Thousands of families were moved on Tuesday when fires burnt down houses in the Pacific Palisades and Altadena, launching a house hunt on a regional scale while the victims traveled a tight market in search of houses for rent – or even to buy.
People are desperate, said local agents. Their houses are ash, and they are looking for stability – somewhere for their family to have done who is not a refuge, a house of a friend or a hotel room. Some owners are now increasingly increasing the rent, even beyond what temporary gougeage protections allow. And some potential tenants offer a one -year rent in advance in cash and engage in tender wars.
“Dozens and dozens of people continue the same properties,” said David Berg, a compass real estate agent at Smith & Berg Property Group. “Since Tuesday afternoon, our phones have rang hundreds of times.”
Friday, Berg and F. Ron Smith registered A newly built house In Brentwood, just a short hop of the Palisades. An hour after hitting the market, the list had 10,000 views on Redfin.
“We are trying to place many families in properties, but it becomes extremely difficult,” said Berg.
Last week, the pair listed a property in Santa Monica. No one took the trouble to visit the house – until Tuesday. Since then, they have shown it seven times and have already had two offers in hand.
Evan Fisher's family fled her five -bedroom house in the palisades. On Wednesday, he and his wife hit the rental market in search of something similar nearby to keep his three daughters – 17, 15 and 10 – in the same school. Regardless of the status of his house – he thinks it could still be standing – he realized that it would take a long time to return and wanted to provide as much normality as possible to his children.
“There are thousands of people trying to do the same,” said Fisher, a 49 -year -old psychologist.
Fisher has traveled hundreds of online announcements and visited new. He put applications on two houses, one in Bel Air and one in Beverly Hills.
“God wants, one of them trains,” he said.
The mass displacement of fires has already increased the prices of the sky, with rental rentals to ask too much, said agents. For many, short -term leases, especially furnished leases, are the obvious answer. Volunteers have compiled calculation sheets and available leases lists, but most are taken minutes or hours after the list.
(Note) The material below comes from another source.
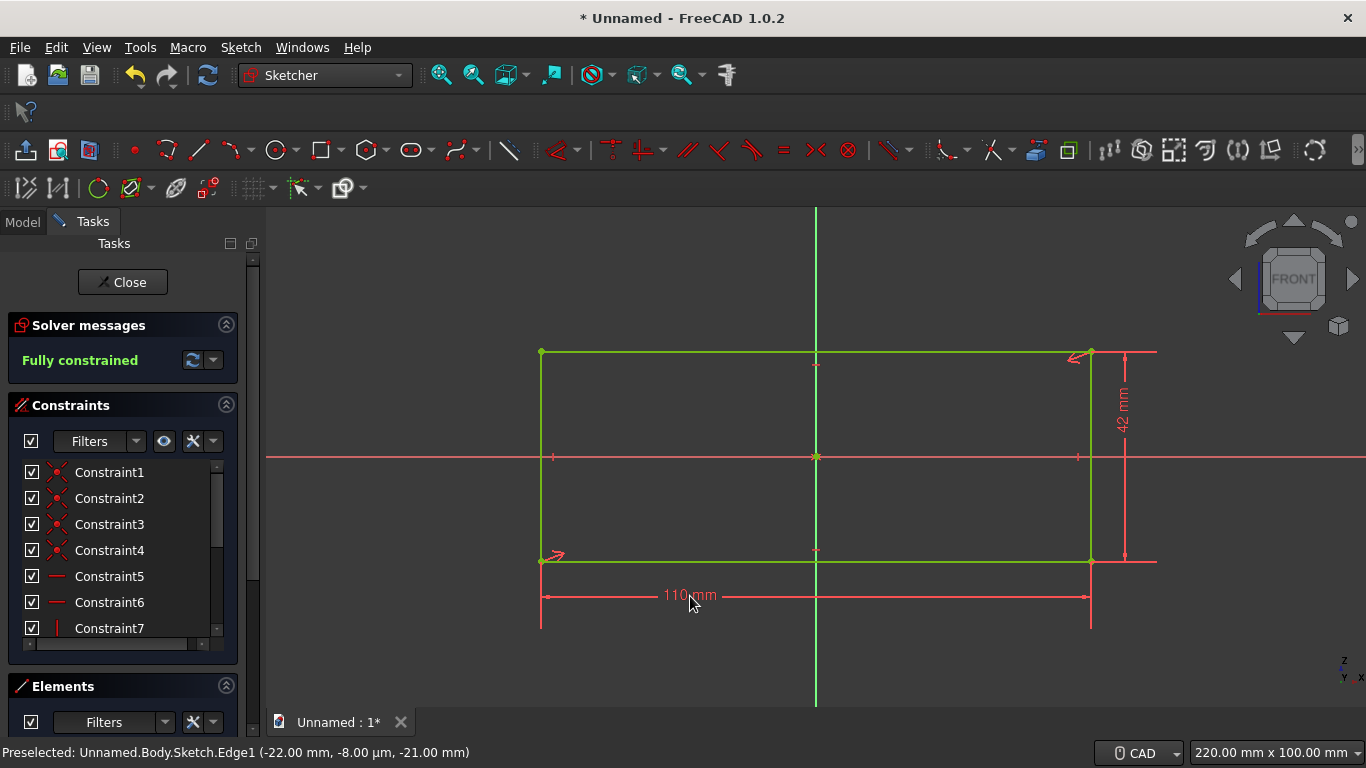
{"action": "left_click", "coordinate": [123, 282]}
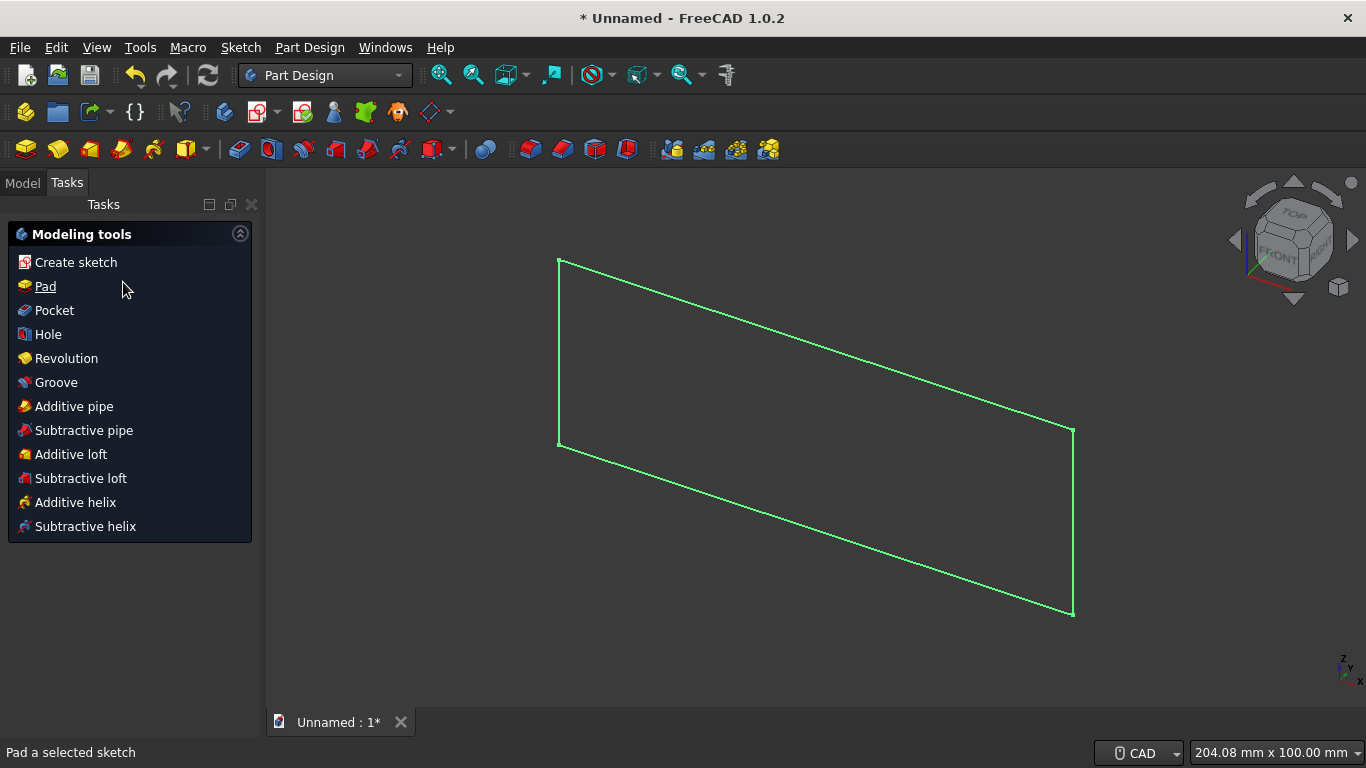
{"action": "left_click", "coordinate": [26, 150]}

Compass agent, Susan Kastner, said that so many families rush to obtain leases that each rental on the market receives several offers.
She had A list for sale On Avenue Las Casas in the Palisades, but she cannot take offers because she is not even sure that she is still standing and has not been able to check.
For other people who have lost their house, the purchase, even out of despair, have more sense. According to Smith, some families already receive insurance benefits and can choose to spend it on rent or a new mortgage.
“The process of obtaining an architect and going through the planning, authorization and construction process will probably take three years or more,” said Smith. “Thus, families assess whether to rent for three years or just buy something now.”
The natural landing points for people fleeing the palisades could be Malibu or Santa Monica, but Smith said that people were shopping in Venice, Westchester, Mar Vista and above the pass in the San Fernando valley.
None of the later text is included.